Figure 6.10: – The operational activities of Capacity Management
© Crown Copyright 2007 Reproduced under license from OGC
1. Utilization monitoring
The monitoring applied should be specific to a particular CI, whether it is an IT service, an operating system, a hardware configuration or application. It is important that the monitors can collect all the data required by Capacity Management for each of the three
sub-processes.
Some of the typical monitored data collected include:
Processor utilization;
Memory utilization;
Per cent processor per transaction type;
Input/output rates;
Queue lengths;
Disk utilization;
Transaction rates;
Response times;
Database usage;
Index usage;
Hit rates;
Concurrent user numbers; and
Network traffic rates.
When collecting data intended for use by the Service Capacity Management
sub-processes, the transaction response time for services may be monitored and measured by:
Incorporating specific code within client and server applications software;
Using „robotic scripted systems‟ with terminal emulation software;
Using distributed agent monitoring software; and
Using specific passive monitoring systems.
2. Analysis
The data collected by the various monitoring activities and mechanisms will then be used to identify trends, baselines, issues and conformance or breaches to agreed service levels.
There may be other issues identified such as:
Bottlenecks within the infrastructure;
Inappropriate distribution of workload across the implemented resources;
Inefficiencies in application design;
Unexpected increased in workloads and input transactions; and
Scheduled services that need to be reallocated.
3. Tuning
After analysis of collected data has occurred, there may be some corrective action that is required in order to better utilize the infrastructure and resources to improve the
performance of a particular service. Examples of the types of tuning techniques that might be used include:
Balancing workloads – transactions may arrive at the host or server at a particular gateway, depending where the transaction was initiated; balancing the ratio of initiation points to gateways can provide tuning benefits;
Balancing disk traffic – storing data on disk efficiently and strategically, e.g. striping data across many spindles may reduce data collection;
Definition of an acceptable locking strategy that specifies when locks are necessary and the appropriate level, e.g. database, page, file, record and row delaying the lock until an update is necessary may provide benefits; and
Efficient use of memory – may include looking to utilize more or less memory depending upon the circumstances.

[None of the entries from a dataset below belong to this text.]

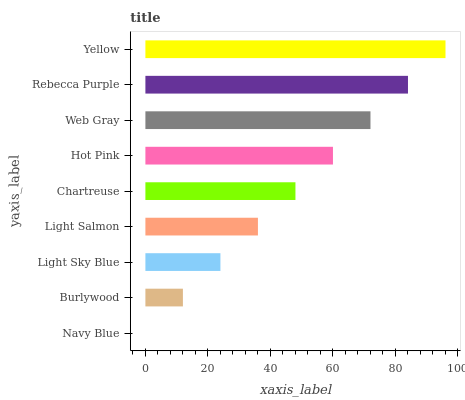Is Navy Blue the minimum?
Answer yes or no. Yes. Is Yellow the maximum?
Answer yes or no. Yes. Is Burlywood the minimum?
Answer yes or no. No. Is Burlywood the maximum?
Answer yes or no. No. Is Burlywood greater than Navy Blue?
Answer yes or no. Yes. Is Navy Blue less than Burlywood?
Answer yes or no. Yes. Is Navy Blue greater than Burlywood?
Answer yes or no. No. Is Burlywood less than Navy Blue?
Answer yes or no. No. Is Chartreuse the high median?
Answer yes or no. Yes. Is Chartreuse the low median?
Answer yes or no. Yes. Is Light Sky Blue the high median?
Answer yes or no. No. Is Yellow the low median?
Answer yes or no. No. 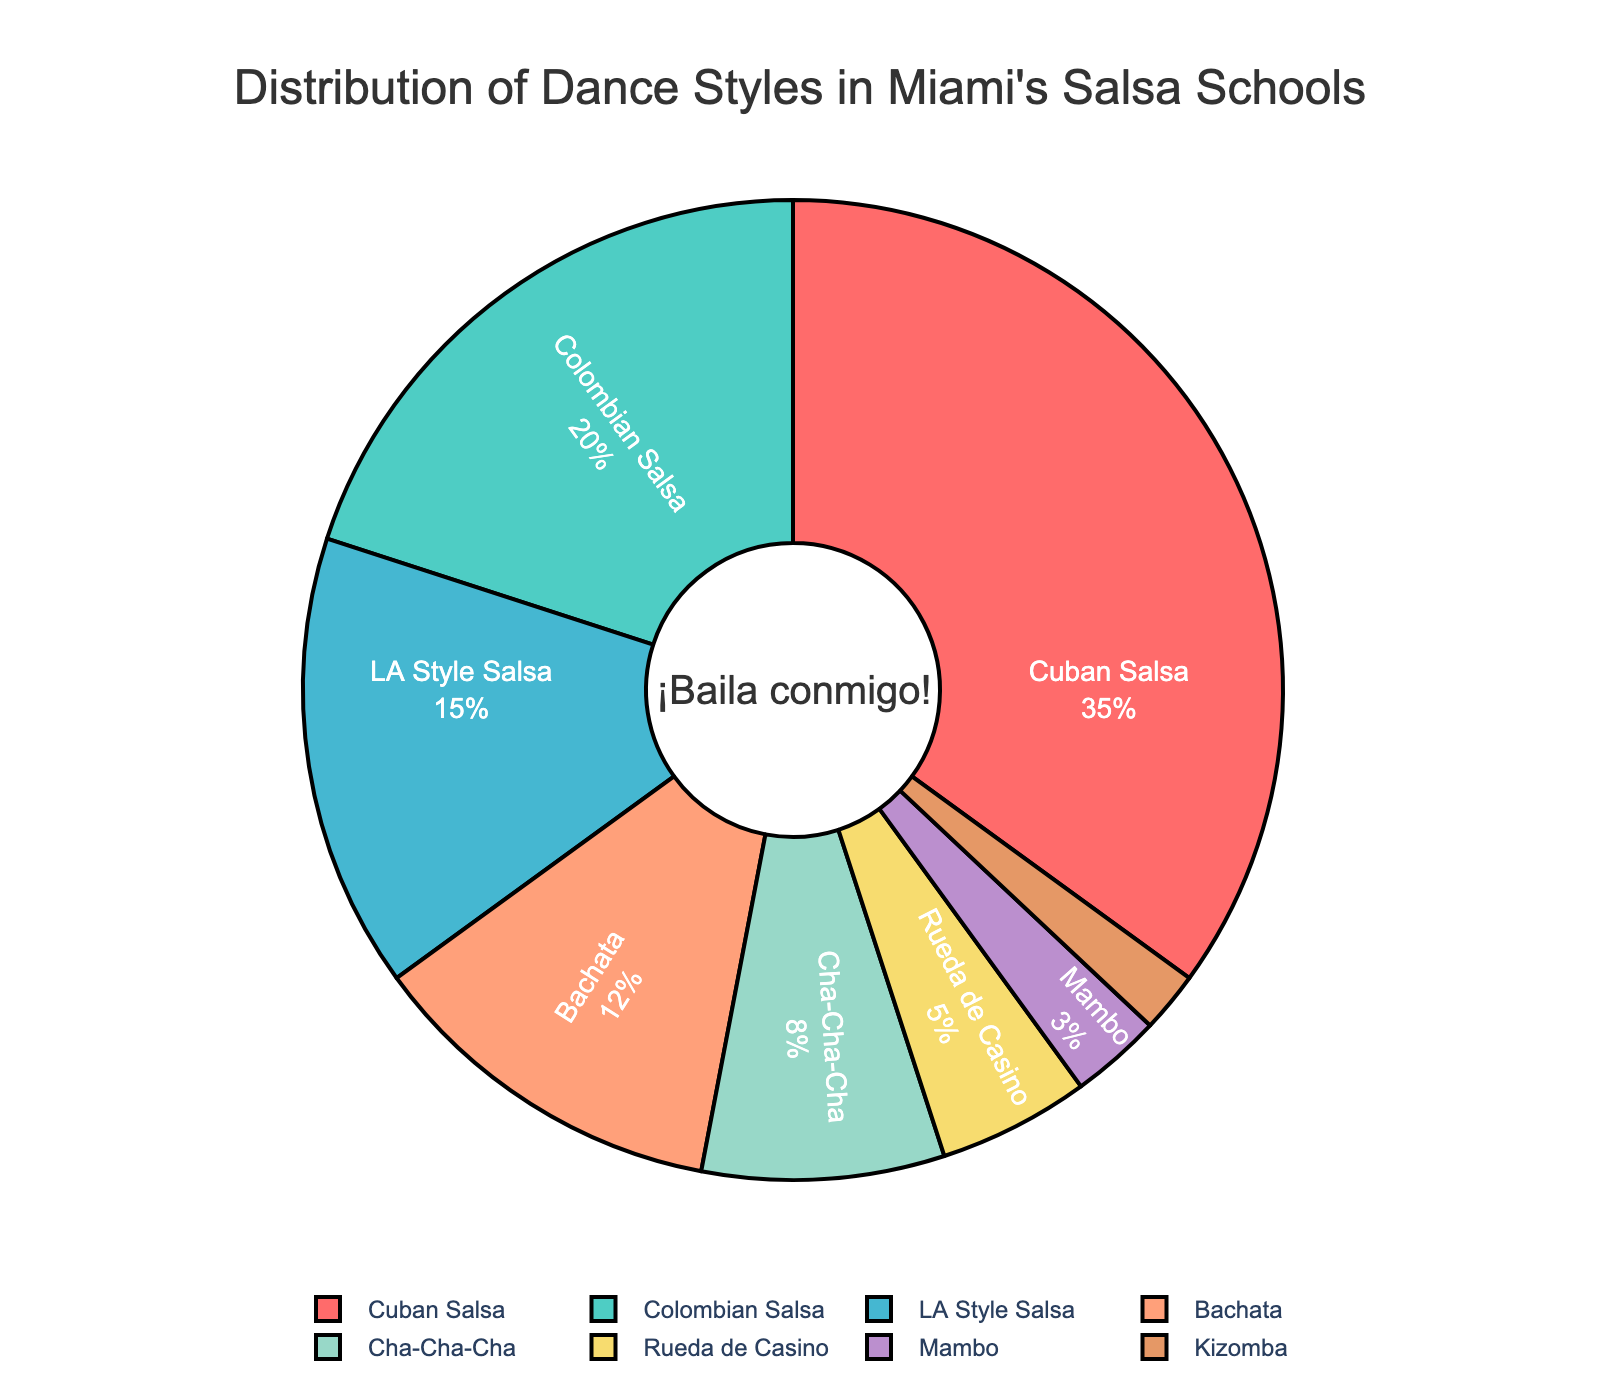What percentage of Miami's salsa dance schools teach Cuban Salsa? Cuban Salsa comprises 35% of the dance styles shown in the pie chart. This percentage is displayed on the chart.
Answer: 35% Which dance style has the smallest representation in the pie chart? Kizomba is the smallest segment shown on the pie chart, with a representation of 2%.
Answer: Kizomba What is the combined percentage of schools that teach Bachata and Cha-Cha-Cha? Adding the percentages for Bachata (12%) and Cha-Cha-Cha (8%) gives 12% + 8% = 20%.
Answer: 20% How does the representation of LA Style Salsa compare to Colombian Salsa? LA Style Salsa represents 15% whereas Colombian Salsa represents 20%. Therefore, Colombian Salsa has a higher percentage than LA Style Salsa.
Answer: Colombian Salsa is higher What is the difference in representation between Cuban Salsa and the next most popular style? The next most popular style is Colombian Salsa at 20%. The difference between Cuban Salsa (35%) and Colombian Salsa is 35% - 20% = 15%.
Answer: 15% What is the total percentage of dance styles other than Cuban Salsa? Adding the percentages of all styles except Cuban Salsa: 20% (Colombian Salsa) + 15% (LA Style Salsa) + 12% (Bachata) + 8% (Cha-Cha-Cha) + 5% (Rueda de Casino) + 3% (Mambo) + 2% (Kizomba) = 65%.
Answer: 65% Which dance styles together account for more than half of the total percentage? Adding Cuban Salsa (35%), Colombian Salsa (20%), and LA Style Salsa (15%) results in 35% + 20% + 15% = 70%, which is more than half of the total.
Answer: Cuban Salsa, Colombian Salsa, LA Style Salsa By what ratio does Bachata exceed Kizomba in terms of representation? Bachata has a representation of 12% and Kizomba has 2%. The ratio is 12% ÷ 2% = 6.
Answer: 6:1 Which dance styles are represented by more than 10% of salsa dance schools? The dance styles with more than 10% representation are Cuban Salsa (35%), Colombian Salsa (20%), and Bachata (12%).
Answer: Cuban Salsa, Colombian Salsa, Bachata What percentage do Rueda de Casino and Mambo together represent? Adding the percentages for Rueda de Casino (5%) and Mambo (3%) gives 5% + 3% = 8%.
Answer: 8% 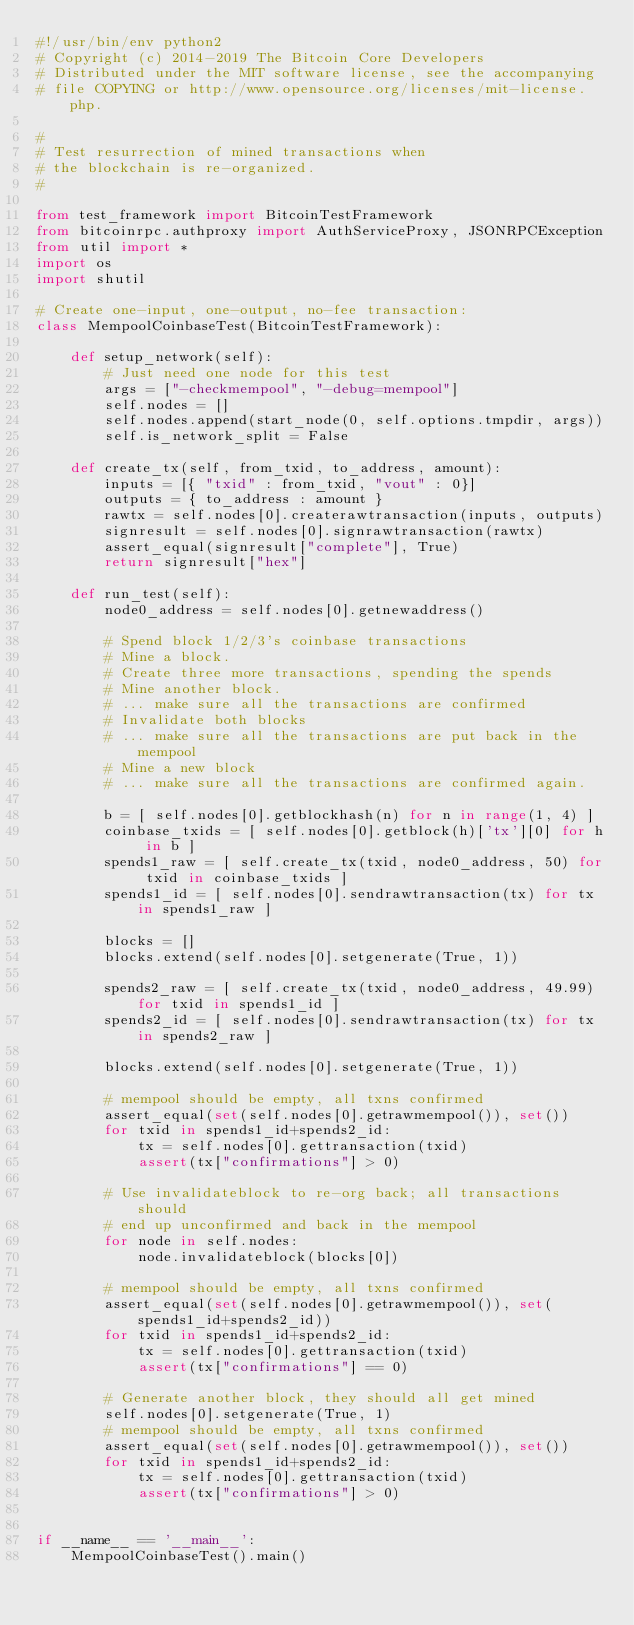<code> <loc_0><loc_0><loc_500><loc_500><_Python_>#!/usr/bin/env python2
# Copyright (c) 2014-2019 The Bitcoin Core Developers
# Distributed under the MIT software license, see the accompanying
# file COPYING or http://www.opensource.org/licenses/mit-license.php.

#
# Test resurrection of mined transactions when
# the blockchain is re-organized.
#

from test_framework import BitcoinTestFramework
from bitcoinrpc.authproxy import AuthServiceProxy, JSONRPCException
from util import *
import os
import shutil

# Create one-input, one-output, no-fee transaction:
class MempoolCoinbaseTest(BitcoinTestFramework):

    def setup_network(self):
        # Just need one node for this test
        args = ["-checkmempool", "-debug=mempool"]
        self.nodes = []
        self.nodes.append(start_node(0, self.options.tmpdir, args))
        self.is_network_split = False

    def create_tx(self, from_txid, to_address, amount):
        inputs = [{ "txid" : from_txid, "vout" : 0}]
        outputs = { to_address : amount }
        rawtx = self.nodes[0].createrawtransaction(inputs, outputs)
        signresult = self.nodes[0].signrawtransaction(rawtx)
        assert_equal(signresult["complete"], True)
        return signresult["hex"]

    def run_test(self):
        node0_address = self.nodes[0].getnewaddress()

        # Spend block 1/2/3's coinbase transactions
        # Mine a block.
        # Create three more transactions, spending the spends
        # Mine another block.
        # ... make sure all the transactions are confirmed
        # Invalidate both blocks
        # ... make sure all the transactions are put back in the mempool
        # Mine a new block
        # ... make sure all the transactions are confirmed again.

        b = [ self.nodes[0].getblockhash(n) for n in range(1, 4) ]
        coinbase_txids = [ self.nodes[0].getblock(h)['tx'][0] for h in b ]
        spends1_raw = [ self.create_tx(txid, node0_address, 50) for txid in coinbase_txids ]
        spends1_id = [ self.nodes[0].sendrawtransaction(tx) for tx in spends1_raw ]

        blocks = []
        blocks.extend(self.nodes[0].setgenerate(True, 1))

        spends2_raw = [ self.create_tx(txid, node0_address, 49.99) for txid in spends1_id ]
        spends2_id = [ self.nodes[0].sendrawtransaction(tx) for tx in spends2_raw ]

        blocks.extend(self.nodes[0].setgenerate(True, 1))

        # mempool should be empty, all txns confirmed
        assert_equal(set(self.nodes[0].getrawmempool()), set())
        for txid in spends1_id+spends2_id:
            tx = self.nodes[0].gettransaction(txid)
            assert(tx["confirmations"] > 0)

        # Use invalidateblock to re-org back; all transactions should
        # end up unconfirmed and back in the mempool
        for node in self.nodes:
            node.invalidateblock(blocks[0])

        # mempool should be empty, all txns confirmed
        assert_equal(set(self.nodes[0].getrawmempool()), set(spends1_id+spends2_id))
        for txid in spends1_id+spends2_id:
            tx = self.nodes[0].gettransaction(txid)
            assert(tx["confirmations"] == 0)

        # Generate another block, they should all get mined
        self.nodes[0].setgenerate(True, 1)
        # mempool should be empty, all txns confirmed
        assert_equal(set(self.nodes[0].getrawmempool()), set())
        for txid in spends1_id+spends2_id:
            tx = self.nodes[0].gettransaction(txid)
            assert(tx["confirmations"] > 0)


if __name__ == '__main__':
    MempoolCoinbaseTest().main()
</code>

Before implementing any of the recommendations arising from the tuning techniques, it may be appropriate to consider using one of the on-going activities to test the validity of the recommendation.
4. Implementation
The objective of implementation is to control the introduction of any changes identified into the production environment. Depending on the changes required, this may be
implemented via a normal change model (using all the normal steps of Change Management) or a standard change where there is already change approval and an established procedure for the work required.